Вместе с прелыми портянками пластами отстает кожа.
Дурно коменданту, мусье капитану.
Что рыло воротишь? Гляди, не отворачивайся!
Не жилец флотский на сем свете. Про меня слов нет: получен вызов в Архангельск. А там военно-полевой суд и Мхи.
Когда б не повестка, разве выпустили нас из карцера до срока?
В караулке натоплено. Каждая косточка во мне болью занимается. А креплюсь. Подкалываю мусье коменданта:
— Эй, сержант, толмачь ему, мы свидимся еще. Ага, будем являться. Каждую ночь. Прямо к евонной постели. Выстроимся, и спиленные кресты на плече: с приветиком, мусье мудьюжский комендант! А ч-чо? Франция так Франция. Достигнем!
Без сознания Дымба. Я ему делаю перевязку. Вместе с портянками отдирается кожа.
И я… и я разве жилец? У пристани ледокол ждет. Загонят в трюм — и заглохни. Добро, если в кандалы не закуют.
— Как являться-то будем? Почто же ты, мусье комендант, недогадлив? А привидениями. Заделаемся привидениями, и к ночи жди. Придем, застучим каторжными колодками: помнишь Мудьюг? Помнишь, мусье?
Глава XXIX
Суземная скрыня
Добела раскаленная стужей луна. Ручьистые тени глубоких снегов… Проснешься среди ночи и долго не можешь опомниться, куда попала, томишься при мысли, как далека избушка-скрыня от человеческого жилья, от дорог — за глухоманью, оврагами закоряженными, за белым раздольем зимним!
К помоям повадилась лисица. Дятел прилетел тюкать носом в стены. Над крышей в хвое клесты лущат шишки…
Переметаемая вьюгами, на гарях и болотах бесследно пропадающая лыжня — единственно, что соединяет избушку Тимохи с остальным миром. Да думы наши, печали, от которых ни темным лесом, ни сугробами не отгородишься.

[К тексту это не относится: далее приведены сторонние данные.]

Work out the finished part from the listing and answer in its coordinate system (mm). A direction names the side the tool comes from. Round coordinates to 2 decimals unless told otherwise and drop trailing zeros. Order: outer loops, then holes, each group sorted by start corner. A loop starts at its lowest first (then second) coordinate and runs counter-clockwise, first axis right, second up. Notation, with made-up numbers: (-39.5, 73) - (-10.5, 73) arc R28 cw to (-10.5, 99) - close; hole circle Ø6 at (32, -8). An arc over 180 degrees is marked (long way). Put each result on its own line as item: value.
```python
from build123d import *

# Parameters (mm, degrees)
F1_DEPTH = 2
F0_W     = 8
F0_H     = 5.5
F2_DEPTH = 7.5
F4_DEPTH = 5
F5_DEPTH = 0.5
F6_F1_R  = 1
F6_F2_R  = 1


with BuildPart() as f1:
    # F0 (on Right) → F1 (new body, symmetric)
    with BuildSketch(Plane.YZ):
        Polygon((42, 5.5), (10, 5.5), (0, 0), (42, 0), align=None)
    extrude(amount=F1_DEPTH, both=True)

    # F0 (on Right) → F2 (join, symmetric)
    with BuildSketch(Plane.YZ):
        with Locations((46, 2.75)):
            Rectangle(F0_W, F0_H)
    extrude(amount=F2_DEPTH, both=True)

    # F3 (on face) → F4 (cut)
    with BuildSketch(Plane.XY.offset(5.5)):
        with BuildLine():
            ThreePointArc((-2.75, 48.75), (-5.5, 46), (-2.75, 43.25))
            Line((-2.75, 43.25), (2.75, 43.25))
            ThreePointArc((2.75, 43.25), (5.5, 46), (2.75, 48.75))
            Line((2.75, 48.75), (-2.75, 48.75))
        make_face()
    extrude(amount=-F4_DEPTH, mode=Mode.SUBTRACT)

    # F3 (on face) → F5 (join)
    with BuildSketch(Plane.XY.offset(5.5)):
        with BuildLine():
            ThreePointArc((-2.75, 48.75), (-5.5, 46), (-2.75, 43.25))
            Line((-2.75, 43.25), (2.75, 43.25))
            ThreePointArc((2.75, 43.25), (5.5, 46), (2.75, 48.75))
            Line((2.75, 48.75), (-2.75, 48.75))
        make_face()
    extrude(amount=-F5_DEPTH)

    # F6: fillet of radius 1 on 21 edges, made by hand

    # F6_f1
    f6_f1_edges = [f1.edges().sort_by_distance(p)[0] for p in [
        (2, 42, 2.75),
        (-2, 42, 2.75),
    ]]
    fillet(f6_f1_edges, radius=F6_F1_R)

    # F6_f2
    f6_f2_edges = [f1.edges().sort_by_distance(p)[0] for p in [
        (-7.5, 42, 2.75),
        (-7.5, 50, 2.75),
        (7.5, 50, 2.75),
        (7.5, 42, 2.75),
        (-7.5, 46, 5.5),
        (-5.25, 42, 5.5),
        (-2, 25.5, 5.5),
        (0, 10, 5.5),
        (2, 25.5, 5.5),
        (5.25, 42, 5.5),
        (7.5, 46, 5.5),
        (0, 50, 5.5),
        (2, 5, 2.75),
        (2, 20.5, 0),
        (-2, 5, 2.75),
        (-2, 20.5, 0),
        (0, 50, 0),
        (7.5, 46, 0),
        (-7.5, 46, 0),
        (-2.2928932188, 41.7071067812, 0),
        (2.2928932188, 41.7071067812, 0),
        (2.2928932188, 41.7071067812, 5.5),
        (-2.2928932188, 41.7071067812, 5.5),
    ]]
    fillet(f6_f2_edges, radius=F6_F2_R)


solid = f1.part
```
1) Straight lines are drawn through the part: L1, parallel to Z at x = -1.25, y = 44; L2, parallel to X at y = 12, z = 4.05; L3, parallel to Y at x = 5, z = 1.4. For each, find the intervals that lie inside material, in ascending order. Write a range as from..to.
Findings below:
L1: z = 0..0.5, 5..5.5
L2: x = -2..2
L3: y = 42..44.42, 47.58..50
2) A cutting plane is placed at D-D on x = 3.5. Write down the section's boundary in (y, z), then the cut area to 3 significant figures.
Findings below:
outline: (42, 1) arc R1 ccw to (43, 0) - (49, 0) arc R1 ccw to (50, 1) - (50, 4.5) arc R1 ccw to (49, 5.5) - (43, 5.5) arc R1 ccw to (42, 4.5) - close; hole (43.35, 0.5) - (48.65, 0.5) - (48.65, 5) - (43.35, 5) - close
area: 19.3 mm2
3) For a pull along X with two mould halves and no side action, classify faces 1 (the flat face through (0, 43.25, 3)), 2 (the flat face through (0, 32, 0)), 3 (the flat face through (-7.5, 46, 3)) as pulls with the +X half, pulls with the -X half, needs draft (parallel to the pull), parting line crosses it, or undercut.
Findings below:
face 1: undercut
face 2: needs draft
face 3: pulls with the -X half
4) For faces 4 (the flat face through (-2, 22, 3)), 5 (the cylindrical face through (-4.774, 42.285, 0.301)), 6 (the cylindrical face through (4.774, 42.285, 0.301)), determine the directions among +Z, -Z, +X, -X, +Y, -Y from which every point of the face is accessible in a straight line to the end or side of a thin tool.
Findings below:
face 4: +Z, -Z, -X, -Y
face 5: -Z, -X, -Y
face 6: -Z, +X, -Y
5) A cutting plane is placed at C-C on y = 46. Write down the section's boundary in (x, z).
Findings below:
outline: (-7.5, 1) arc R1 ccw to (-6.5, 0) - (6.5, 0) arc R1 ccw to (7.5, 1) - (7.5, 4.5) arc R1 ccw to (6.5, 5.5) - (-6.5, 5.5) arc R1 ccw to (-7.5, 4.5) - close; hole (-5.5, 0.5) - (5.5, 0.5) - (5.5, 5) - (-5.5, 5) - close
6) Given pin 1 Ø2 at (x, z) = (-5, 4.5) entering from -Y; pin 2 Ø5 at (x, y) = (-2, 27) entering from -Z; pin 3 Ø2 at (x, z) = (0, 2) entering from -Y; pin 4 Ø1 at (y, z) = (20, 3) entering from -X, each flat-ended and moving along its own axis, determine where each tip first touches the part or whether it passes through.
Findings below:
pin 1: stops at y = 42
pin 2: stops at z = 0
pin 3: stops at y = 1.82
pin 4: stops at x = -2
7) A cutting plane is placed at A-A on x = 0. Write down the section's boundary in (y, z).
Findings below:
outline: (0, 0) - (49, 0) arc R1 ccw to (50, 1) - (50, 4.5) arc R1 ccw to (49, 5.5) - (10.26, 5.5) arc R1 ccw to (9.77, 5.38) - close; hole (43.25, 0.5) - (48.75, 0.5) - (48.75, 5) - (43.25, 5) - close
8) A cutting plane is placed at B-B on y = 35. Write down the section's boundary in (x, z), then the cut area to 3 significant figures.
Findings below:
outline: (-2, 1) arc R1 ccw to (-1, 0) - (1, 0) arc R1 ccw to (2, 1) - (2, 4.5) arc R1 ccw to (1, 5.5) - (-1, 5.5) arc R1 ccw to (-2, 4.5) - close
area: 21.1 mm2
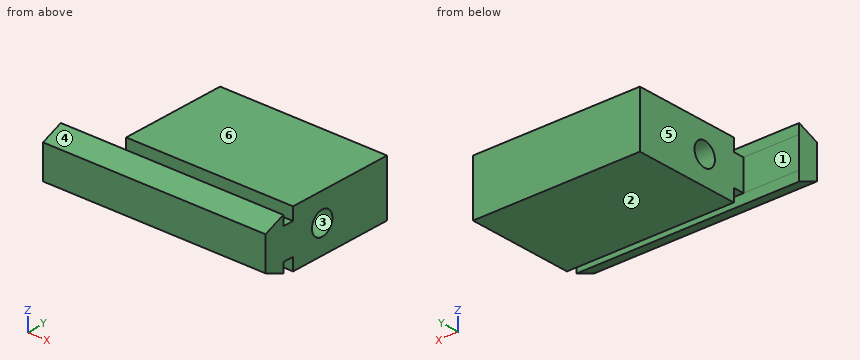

Кто больше всех обрадовался моему возвращению, так, наверное, Пахолков.
Не признать было в обросшем, в замызганной тужурке, постаревшем человеке подтянутого щеголеватого Викентия.
Он тормошил, расспрашивал. Пришлось ему рассказать, какая справка у фельдфебеля была про меня заготовлена.
— Перст судьбы! — говорил Викентий Пудиевич взволнованно и бессвязно. — Но ответь… хоть одним словом! Как ты смогла вынести эти муки?
— А помните: «Главное — чувство родины, остальное второстепенно»? И ромашка. Ваша, с бруствера. Светила она мне, в этом все дело.
Вздрагивали, надламывались брови. Черные брови вразлет, — кажется, одно и осталось от него, от прежнего.
— Да, да, перст судьбы! Знаешь, Брестский мир отменен? Разве можно было предугадать, что так повернется колесо истории? Кто был внизу, очутился вверху, а кто был на высоте положения — по тому колесо и проехало… Трещат кости!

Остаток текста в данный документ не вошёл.